Dataset entries

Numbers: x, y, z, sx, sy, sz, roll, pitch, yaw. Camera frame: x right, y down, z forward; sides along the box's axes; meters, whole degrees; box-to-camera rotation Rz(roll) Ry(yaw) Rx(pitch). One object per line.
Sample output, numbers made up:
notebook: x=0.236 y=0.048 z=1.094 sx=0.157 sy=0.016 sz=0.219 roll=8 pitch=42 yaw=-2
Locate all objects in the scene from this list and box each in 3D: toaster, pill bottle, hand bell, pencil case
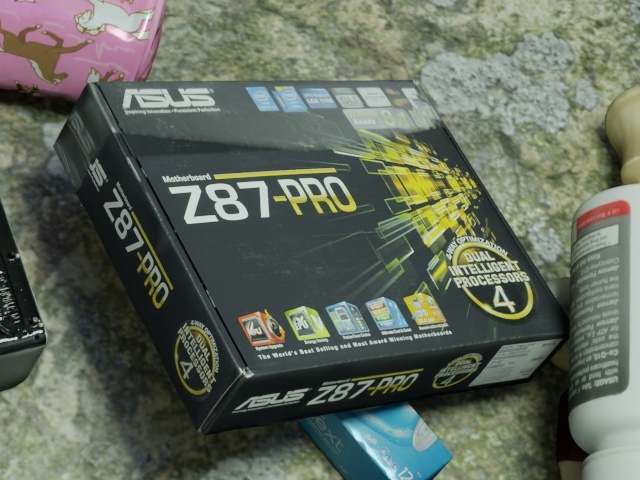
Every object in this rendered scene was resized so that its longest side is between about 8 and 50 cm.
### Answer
toaster: x=-0.342 y=0.053 z=1.429 sx=0.186 sy=0.110 sz=0.168 roll=-13 pitch=66 yaw=-24
pill bottle: x=0.298 y=0.106 z=1.472 sx=0.161 sy=0.161 sz=0.283 roll=10 pitch=67 yaw=-12
hand bell: x=0.323 y=-0.031 z=1.666 sx=0.126 sy=0.126 sz=0.242 roll=25 pitch=51 yaw=-3
pencil case: x=-0.338 y=-0.240 z=1.569 sx=0.386 sy=0.160 sz=0.167 roll=13 pitch=20 yaw=-10

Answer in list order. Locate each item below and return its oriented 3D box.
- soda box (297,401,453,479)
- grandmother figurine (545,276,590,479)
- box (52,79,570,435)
soda box: x=0.021 y=0.146 z=1.517 sx=0.067 sy=0.071 sz=0.210 roll=-34 pitch=76 yaw=-30
grandmother figurine: x=0.306 y=0.182 z=1.576 sx=0.208 sy=0.104 sz=0.342 roll=-22 pitch=73 yaw=-36
box: x=0.000 y=0.000 z=1.497 sx=0.395 sy=0.097 sz=0.318 roll=-4 pitch=52 yaw=-40
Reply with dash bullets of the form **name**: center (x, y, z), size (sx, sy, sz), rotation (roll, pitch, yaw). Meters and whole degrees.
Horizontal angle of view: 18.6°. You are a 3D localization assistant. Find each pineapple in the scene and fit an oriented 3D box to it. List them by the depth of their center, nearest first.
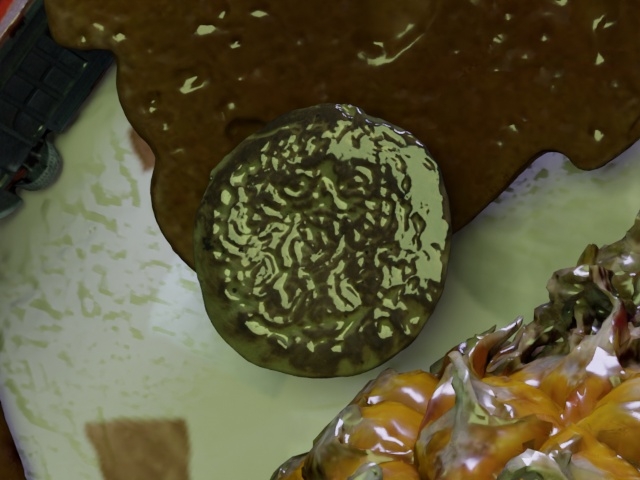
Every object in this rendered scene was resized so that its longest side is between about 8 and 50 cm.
- **pineapple**: center (0.078, 0.098, 0.673), size (0.344, 0.209, 0.286), rotation (8, 81, 22)

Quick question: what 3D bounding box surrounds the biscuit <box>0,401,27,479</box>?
- **biscuit**: center (-0.298, 0.123, 0.890), size (0.359, 0.046, 0.359), rotation (-4, 79, 18)

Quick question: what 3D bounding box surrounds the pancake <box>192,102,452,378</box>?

Exercise directions
Look through the records and gather every line containing "degrees".

Task answer
Numbers: x, y, z, sx, sy, sz, roll, pitch, yaw. Camera frame: x right, y down, z forward; sides along the box's axes; meters, whole degrees; box-to-camera rotation Rz(roll) Ry(yaw) Rx(pitch). One object per line.
Reply with dash bullets of the form **name**: center (x, y, z), size (sx, sy, sz), rotation (roll, pitch, yaw). Meters and whole degrees.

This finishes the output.